▶ **The problem**
The expected result is a verbatim repetition of the lines from the start of the entries through the line containing "Identify the document", with the pictures removed.

▶ **Records for the exercise**
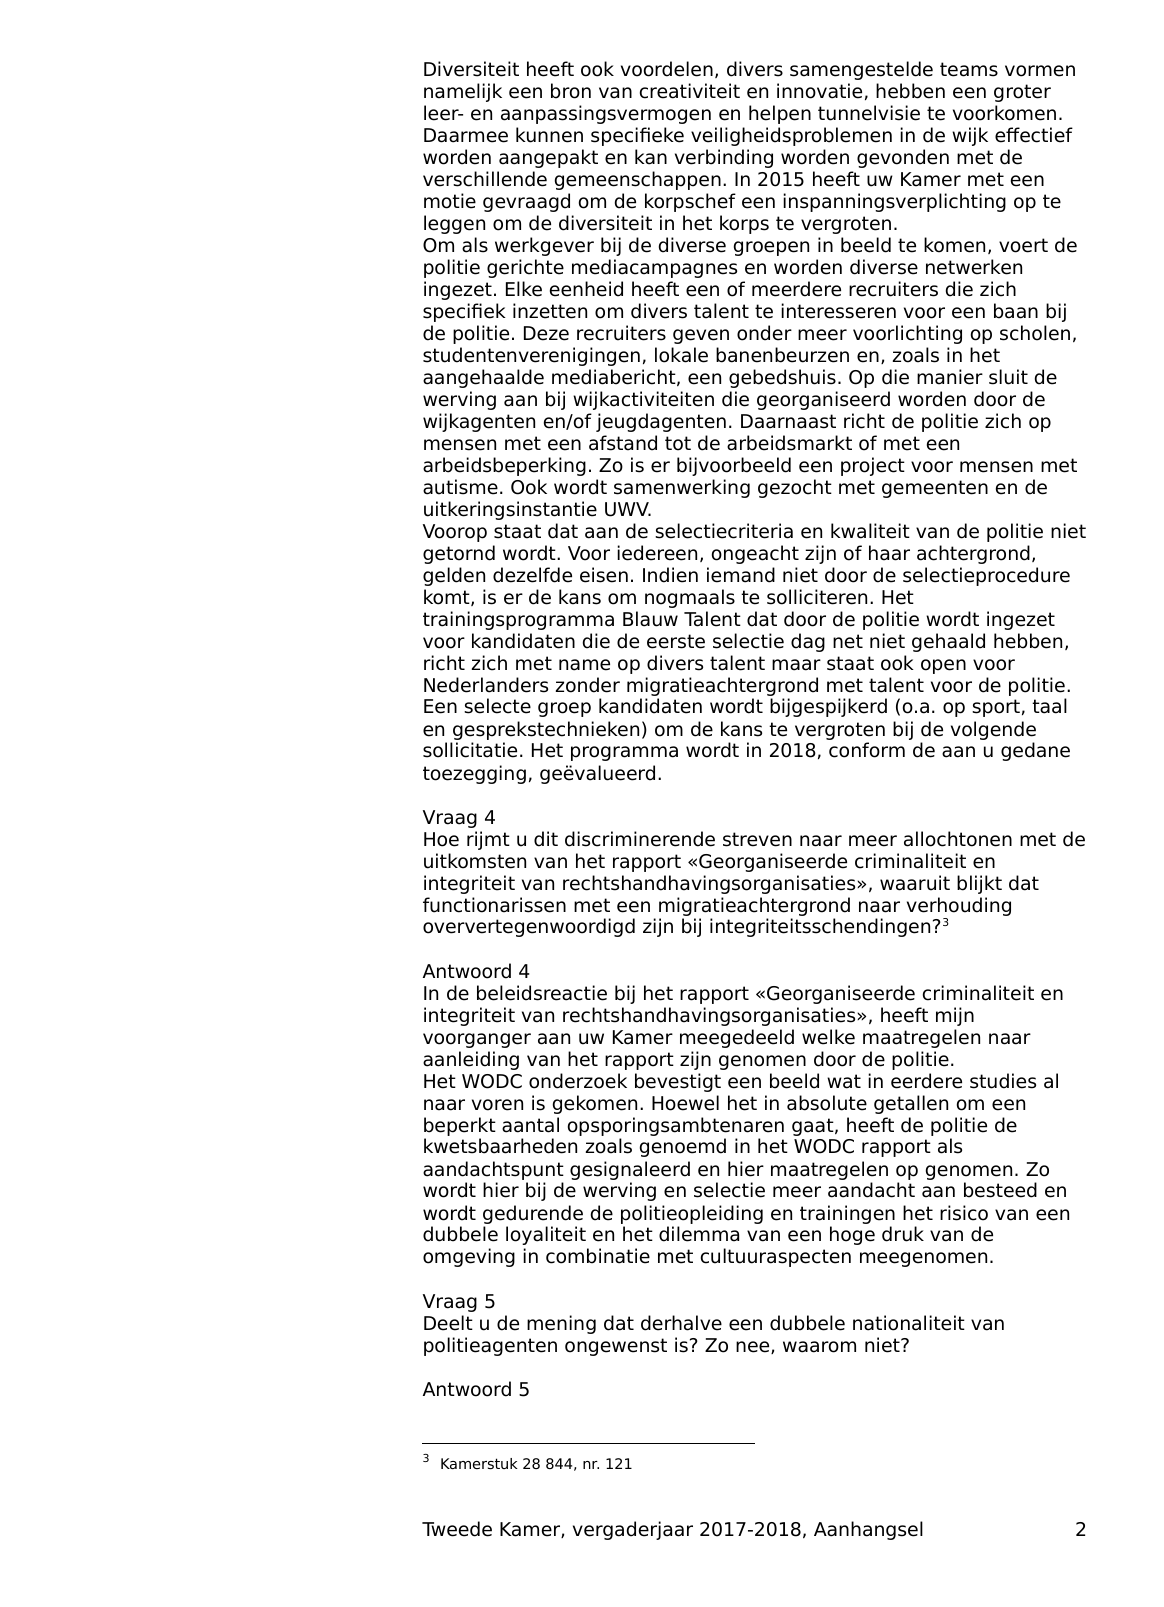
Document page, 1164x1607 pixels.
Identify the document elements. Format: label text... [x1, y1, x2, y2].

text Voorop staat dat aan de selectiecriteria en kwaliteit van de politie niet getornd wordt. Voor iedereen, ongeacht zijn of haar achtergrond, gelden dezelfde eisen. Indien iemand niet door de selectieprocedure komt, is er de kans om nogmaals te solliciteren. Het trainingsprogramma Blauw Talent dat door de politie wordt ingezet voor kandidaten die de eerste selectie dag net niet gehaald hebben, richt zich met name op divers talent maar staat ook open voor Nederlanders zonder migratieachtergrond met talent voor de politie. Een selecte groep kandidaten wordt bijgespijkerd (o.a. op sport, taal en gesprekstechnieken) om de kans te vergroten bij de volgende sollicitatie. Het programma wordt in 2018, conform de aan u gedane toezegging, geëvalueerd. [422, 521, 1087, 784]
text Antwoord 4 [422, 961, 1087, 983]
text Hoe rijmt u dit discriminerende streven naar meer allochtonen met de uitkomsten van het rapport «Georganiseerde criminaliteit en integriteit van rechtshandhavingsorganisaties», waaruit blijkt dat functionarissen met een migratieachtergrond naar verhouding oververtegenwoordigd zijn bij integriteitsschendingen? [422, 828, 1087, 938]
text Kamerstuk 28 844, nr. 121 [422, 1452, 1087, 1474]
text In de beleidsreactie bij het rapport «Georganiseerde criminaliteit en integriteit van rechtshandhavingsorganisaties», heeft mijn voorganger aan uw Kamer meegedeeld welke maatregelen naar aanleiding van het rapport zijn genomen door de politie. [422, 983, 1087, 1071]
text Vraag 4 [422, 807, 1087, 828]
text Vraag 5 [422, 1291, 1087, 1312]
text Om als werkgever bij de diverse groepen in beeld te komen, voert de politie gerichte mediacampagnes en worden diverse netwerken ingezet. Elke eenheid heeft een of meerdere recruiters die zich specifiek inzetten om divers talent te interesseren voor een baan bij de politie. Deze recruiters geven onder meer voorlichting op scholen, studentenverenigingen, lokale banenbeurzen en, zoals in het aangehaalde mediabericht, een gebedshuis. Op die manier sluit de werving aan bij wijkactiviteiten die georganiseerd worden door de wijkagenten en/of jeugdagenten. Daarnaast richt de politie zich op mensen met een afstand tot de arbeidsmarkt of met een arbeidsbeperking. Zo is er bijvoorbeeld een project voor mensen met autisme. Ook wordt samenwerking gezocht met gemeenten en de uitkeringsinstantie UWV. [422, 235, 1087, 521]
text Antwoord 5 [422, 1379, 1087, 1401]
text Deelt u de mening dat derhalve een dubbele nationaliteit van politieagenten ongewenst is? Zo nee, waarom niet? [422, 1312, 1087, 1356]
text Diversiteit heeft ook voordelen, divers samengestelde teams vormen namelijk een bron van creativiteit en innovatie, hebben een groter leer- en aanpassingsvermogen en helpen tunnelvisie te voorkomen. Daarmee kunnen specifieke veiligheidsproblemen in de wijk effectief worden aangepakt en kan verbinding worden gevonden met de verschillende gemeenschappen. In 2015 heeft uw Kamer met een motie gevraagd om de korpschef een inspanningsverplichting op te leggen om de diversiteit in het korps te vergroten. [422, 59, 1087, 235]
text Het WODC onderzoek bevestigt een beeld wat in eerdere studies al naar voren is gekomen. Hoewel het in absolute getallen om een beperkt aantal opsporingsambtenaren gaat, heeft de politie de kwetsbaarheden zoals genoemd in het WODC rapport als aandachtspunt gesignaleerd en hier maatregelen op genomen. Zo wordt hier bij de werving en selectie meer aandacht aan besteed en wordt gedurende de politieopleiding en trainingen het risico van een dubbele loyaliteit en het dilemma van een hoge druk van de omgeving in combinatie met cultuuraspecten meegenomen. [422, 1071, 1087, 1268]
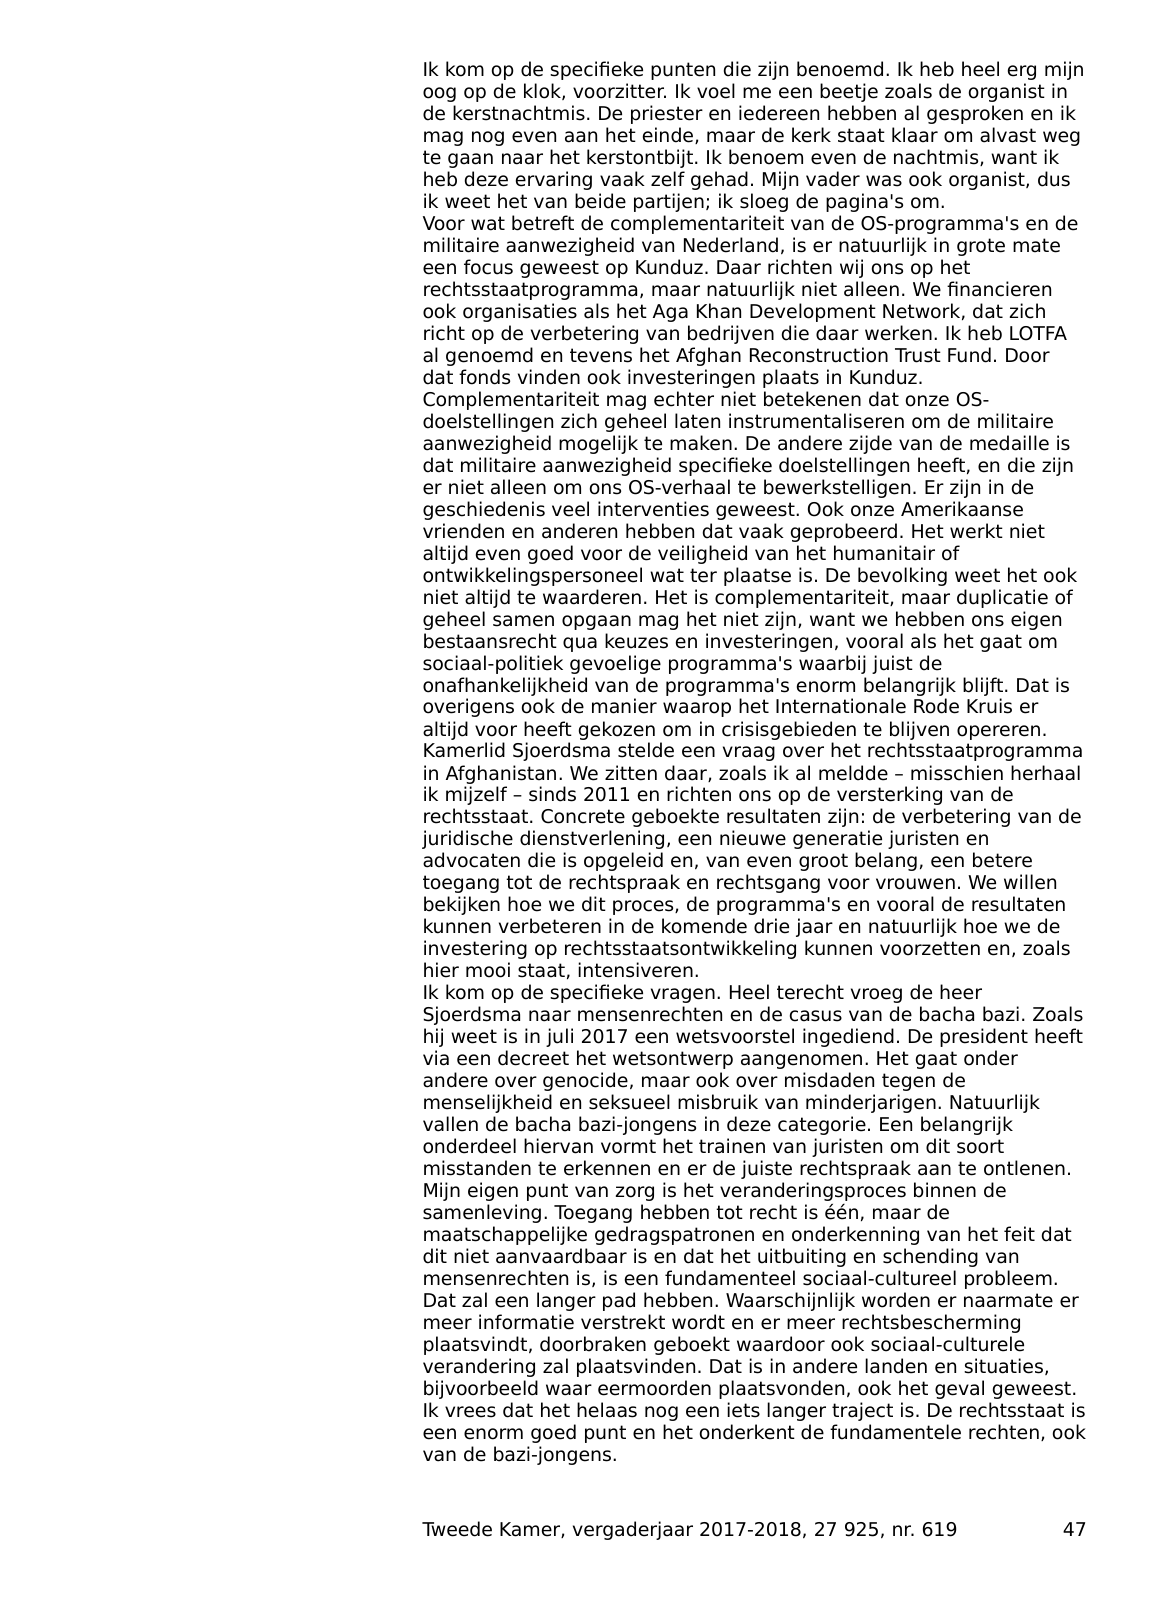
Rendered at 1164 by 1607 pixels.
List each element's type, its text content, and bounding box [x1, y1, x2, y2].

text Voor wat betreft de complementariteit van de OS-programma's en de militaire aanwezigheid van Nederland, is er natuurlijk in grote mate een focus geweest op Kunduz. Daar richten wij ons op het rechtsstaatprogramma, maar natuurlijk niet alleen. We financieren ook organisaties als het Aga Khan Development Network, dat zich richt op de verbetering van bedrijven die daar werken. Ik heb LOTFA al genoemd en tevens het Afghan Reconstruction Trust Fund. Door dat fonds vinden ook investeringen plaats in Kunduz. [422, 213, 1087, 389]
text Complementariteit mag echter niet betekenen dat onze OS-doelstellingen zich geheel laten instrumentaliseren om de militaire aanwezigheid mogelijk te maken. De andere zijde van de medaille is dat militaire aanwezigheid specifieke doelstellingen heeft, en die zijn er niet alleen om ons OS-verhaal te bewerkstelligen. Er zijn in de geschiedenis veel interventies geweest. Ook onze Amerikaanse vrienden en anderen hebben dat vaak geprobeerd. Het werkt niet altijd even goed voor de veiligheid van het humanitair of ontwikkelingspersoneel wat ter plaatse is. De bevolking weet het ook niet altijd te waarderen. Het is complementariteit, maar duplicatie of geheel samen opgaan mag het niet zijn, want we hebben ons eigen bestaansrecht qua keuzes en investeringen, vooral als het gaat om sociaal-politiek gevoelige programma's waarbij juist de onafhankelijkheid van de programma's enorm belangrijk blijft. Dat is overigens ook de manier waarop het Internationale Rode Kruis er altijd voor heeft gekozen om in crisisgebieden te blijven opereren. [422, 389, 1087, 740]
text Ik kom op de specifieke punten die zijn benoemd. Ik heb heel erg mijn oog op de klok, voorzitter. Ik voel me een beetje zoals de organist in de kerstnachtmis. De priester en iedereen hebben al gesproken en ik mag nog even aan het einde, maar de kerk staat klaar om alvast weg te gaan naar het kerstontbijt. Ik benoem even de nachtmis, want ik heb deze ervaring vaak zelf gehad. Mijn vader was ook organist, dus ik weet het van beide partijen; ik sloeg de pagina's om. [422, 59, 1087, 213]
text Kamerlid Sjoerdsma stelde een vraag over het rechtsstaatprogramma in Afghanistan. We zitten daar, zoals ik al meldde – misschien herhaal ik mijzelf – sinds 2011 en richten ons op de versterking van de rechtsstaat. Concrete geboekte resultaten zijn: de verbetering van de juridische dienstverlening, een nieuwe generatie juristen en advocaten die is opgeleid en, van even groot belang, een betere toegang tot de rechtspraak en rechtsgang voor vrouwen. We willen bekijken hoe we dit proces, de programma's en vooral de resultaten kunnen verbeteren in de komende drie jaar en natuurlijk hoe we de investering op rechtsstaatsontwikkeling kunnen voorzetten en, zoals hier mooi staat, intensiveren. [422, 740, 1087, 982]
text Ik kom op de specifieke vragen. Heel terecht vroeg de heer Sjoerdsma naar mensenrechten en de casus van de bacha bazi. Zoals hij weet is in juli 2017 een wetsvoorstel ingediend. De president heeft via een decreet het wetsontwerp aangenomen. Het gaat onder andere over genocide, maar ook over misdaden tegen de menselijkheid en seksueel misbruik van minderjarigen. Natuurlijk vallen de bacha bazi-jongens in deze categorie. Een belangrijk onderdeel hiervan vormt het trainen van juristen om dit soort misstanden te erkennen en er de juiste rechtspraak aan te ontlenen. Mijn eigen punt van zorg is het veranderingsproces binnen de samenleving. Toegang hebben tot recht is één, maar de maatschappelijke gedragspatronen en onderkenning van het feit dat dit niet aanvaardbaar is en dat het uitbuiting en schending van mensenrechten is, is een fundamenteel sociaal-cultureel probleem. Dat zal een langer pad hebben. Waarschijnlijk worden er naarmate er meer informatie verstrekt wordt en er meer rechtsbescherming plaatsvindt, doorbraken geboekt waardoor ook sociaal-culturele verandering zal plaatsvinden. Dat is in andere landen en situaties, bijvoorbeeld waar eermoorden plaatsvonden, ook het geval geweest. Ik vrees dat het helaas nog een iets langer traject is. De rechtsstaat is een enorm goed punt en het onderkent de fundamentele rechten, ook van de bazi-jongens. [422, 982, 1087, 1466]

▶ **Response**
Document page, 1164x1607 pixels.
Identify the document elements. Format: label text... [x1, y1, x2, y2].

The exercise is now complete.